GIVEN RECORDS START

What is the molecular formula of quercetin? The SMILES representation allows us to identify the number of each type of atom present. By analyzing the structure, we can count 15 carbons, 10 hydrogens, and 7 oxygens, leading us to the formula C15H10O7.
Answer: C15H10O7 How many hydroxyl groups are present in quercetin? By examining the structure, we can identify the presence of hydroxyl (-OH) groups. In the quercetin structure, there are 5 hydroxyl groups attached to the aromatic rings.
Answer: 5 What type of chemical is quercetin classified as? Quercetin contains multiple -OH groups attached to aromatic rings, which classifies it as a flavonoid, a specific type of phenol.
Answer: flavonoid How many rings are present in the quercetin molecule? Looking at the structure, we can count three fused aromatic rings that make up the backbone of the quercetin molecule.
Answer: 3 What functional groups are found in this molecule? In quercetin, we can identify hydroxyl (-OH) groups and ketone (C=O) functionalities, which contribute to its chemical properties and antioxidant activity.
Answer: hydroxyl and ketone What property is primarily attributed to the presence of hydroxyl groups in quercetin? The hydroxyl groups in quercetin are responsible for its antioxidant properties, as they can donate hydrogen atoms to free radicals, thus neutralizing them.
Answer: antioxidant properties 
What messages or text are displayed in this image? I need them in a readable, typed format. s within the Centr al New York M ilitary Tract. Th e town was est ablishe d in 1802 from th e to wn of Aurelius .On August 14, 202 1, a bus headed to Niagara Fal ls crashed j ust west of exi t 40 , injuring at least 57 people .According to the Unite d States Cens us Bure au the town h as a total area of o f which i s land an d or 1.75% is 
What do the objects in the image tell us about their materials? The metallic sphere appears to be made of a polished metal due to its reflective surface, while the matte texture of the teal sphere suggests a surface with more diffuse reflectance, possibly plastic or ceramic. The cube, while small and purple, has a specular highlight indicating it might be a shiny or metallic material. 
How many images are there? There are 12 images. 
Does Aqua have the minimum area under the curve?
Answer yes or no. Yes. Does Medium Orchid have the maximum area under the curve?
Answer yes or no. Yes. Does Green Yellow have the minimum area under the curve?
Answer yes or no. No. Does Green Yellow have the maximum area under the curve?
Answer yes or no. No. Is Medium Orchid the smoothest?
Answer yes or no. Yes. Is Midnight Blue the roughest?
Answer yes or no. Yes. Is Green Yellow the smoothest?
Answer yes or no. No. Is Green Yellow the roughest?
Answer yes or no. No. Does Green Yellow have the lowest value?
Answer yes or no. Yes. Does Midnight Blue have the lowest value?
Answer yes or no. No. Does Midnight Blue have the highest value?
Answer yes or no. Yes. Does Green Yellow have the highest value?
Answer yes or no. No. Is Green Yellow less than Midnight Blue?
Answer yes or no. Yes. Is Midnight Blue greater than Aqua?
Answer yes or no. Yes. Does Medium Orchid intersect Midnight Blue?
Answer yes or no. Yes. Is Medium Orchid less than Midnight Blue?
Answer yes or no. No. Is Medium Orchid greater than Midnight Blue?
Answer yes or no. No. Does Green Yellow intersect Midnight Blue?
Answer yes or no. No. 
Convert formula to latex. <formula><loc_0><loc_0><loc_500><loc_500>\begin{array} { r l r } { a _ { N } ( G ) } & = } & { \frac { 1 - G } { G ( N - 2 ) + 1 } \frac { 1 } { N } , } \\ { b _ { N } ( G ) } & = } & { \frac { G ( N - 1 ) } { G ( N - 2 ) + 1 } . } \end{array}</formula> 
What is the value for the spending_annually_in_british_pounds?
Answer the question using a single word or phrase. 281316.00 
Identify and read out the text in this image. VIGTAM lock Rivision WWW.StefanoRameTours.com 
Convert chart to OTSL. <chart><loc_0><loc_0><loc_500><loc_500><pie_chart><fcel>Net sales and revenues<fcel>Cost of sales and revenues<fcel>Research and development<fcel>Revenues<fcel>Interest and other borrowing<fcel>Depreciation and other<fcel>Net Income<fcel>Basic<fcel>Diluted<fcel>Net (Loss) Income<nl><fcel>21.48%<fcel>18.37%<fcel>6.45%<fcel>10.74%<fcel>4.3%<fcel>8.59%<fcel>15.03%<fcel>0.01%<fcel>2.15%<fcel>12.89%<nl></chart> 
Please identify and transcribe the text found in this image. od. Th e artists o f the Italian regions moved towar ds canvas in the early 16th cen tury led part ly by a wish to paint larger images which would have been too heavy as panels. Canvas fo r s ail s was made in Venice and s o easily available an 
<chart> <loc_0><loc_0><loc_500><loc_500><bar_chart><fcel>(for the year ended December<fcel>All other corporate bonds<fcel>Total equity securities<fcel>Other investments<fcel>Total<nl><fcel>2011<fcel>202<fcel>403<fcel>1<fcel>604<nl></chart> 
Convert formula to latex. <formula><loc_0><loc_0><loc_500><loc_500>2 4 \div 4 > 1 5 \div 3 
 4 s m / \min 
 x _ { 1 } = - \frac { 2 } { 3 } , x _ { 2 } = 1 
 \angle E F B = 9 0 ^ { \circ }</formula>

GIVEN RECORDS END

• [WHAT YOU WILL DO]
From the records above, retype only the lines starting at the line that contains "Answer yes or no. No. Is Medium Orchid greater" and ending at the line that contains "Convert chart to", both included.

• [EXERCISE OUTPUT]
Answer yes or no. No. Is Medium Orchid greater than Midnight Blue?
Answer yes or no. No. Does Green Yellow intersect Midnight Blue?
Answer yes or no. No. 
Convert formula to latex. <formula><loc_0><loc_0><loc_500><loc_500>\begin{array} { r l r } { a _ { N } ( G ) } & = } & { \frac { 1 - G } { G ( N - 2 ) + 1 } \frac { 1 } { N } , } \\ { b _ { N } ( G ) } & = } & { \frac { G ( N - 1 ) } { G ( N - 2 ) + 1 } . } \end{array}</formula> 
What is the value for the spending_annually_in_british_pounds?
Answer the question using a single word or phrase. 281316.00 
Identify and read out the text in this image. VIGTAM lock Rivision WWW.StefanoRameTours.com 
Convert chart to OTSL. <chart><loc_0><loc_0><loc_500><loc_500><pie_chart><fcel>Net sales and revenues<fcel>Cost of sales and revenues<fcel>Research and development<fcel>Revenues<fcel>Interest and other borrowing<fcel>Depreciation and other<fcel>Net Income<fcel>Basic<fcel>Diluted<fcel>Net (Loss) Income<nl><fcel>21.48%<fcel>18.37%<fcel>6.45%<fcel>10.74%<fcel>4.3%<fcel>8.59%<fcel>15.03%<fcel>0.01%<fcel>2.15%<fcel>12.89%<nl></chart> 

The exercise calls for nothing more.